My favorite recent find was a website of 2-ingredient snacks and treats.

See my second paragraph.

One of the 2-ingredient recipes combines self-rising flour and natural yogurt to make pizza crust. Pizza crust that involves no yeast and no rising. Yeast baffles me, though I know it shouldn't, but even as I seek out recipes for delicious breads the yeast makes me simply sigh.

I haven't looked far and wide for self-rising flour in Amman but I know it's not at my usual store.  But even if it was widely available, I thought "This should be easy enough to make and keep in my pantry."

So I pulled out Make-A-Mix.

And there's no recipe for self-rising flour.

A quick All Recipes search popped one up instantly so I'm not at a loss (and yay! no yeast!) but I have to say that the book disappointed me.

It shouldn't have.  Right in the description on Amazon it states that there are "67 make-ahead shortcut mixes for everything from all-purpose cake mix to meatball mix. These can be made on a weekend-or whenever there’s free time-and used to speed food preparation on busy days. The mixes are a key ingredient in one or more of the 306 recipes that follow."  There are 306 recipes, recipes I don't really need or want, while missing mixes I could use. 

In fact, to make the book more applicable to someone like me, I'd cut out the recipes entirely, fill in the mixes gap, and add a section on substitutions.  International substitutions, like what passes for yogurt or sour cream in other parts of the world.

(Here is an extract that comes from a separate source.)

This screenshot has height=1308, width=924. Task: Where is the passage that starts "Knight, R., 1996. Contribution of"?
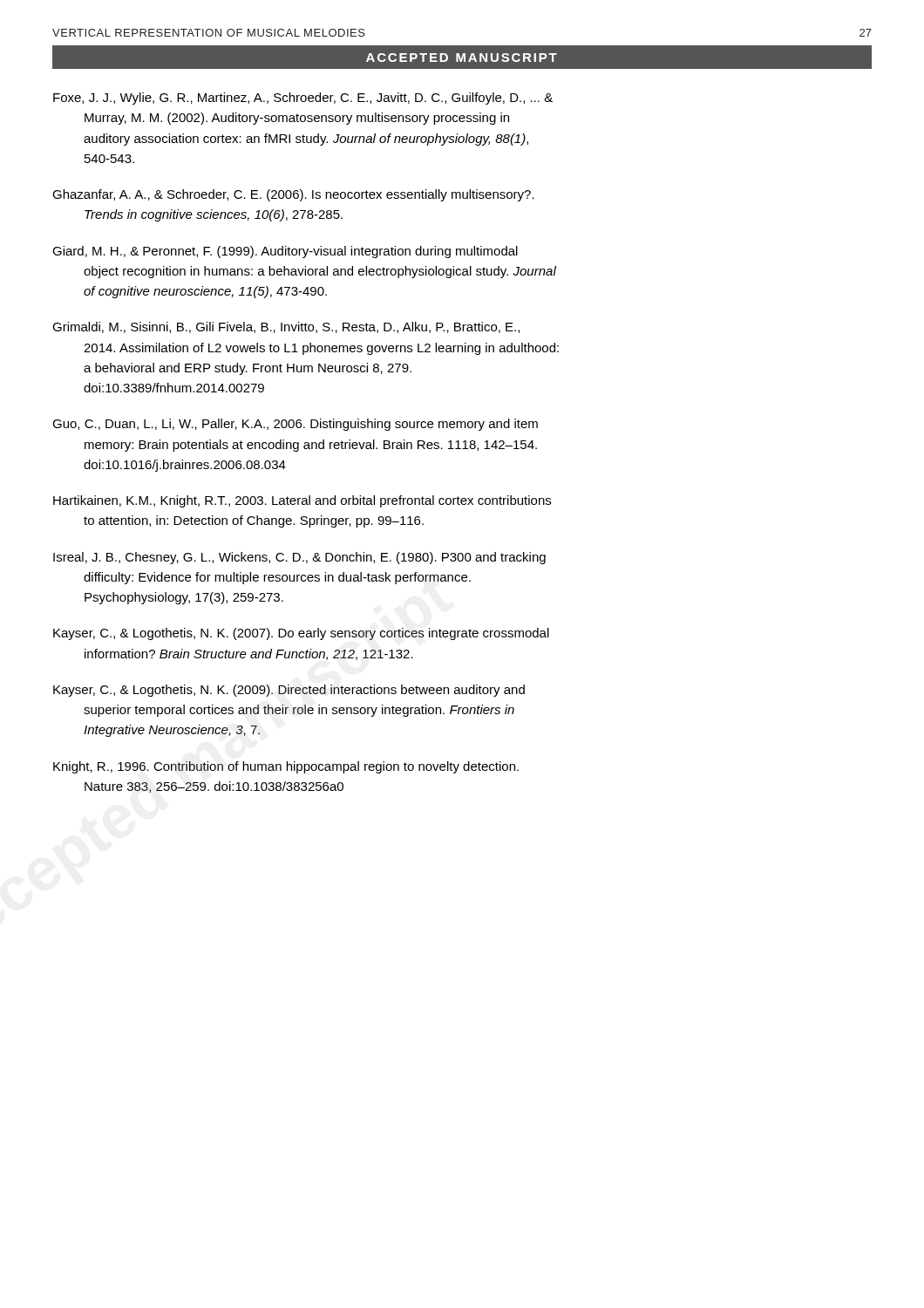[x=286, y=776]

What are all those different kinds of sugars? When the only item on the shelf is labeled "farina" will that do? Spices, flours, pastas... they all play different roles and are listed under different names and are of different qualities.

The purpose of the book for me is to use the recipes I already know and love in my other cookbooks, when I can't buy Italian dressing, a cake mix, or taco sauce, or when I can't find a particular spice or seasoning.  I want it to supplement the books I use, not a collection of barely used meal ideas.

But that's me.  

Others may find the book a jumping off point for a new home and fresh start in the pantry. 
If you don't already have a favorite kitchen resource, Make-A-Mix is worth checking out.  But if you're one who already likes to experiment or has a knack for knowing which spices go together or even knows how to pull together a basic bread, this book probably isn't for you.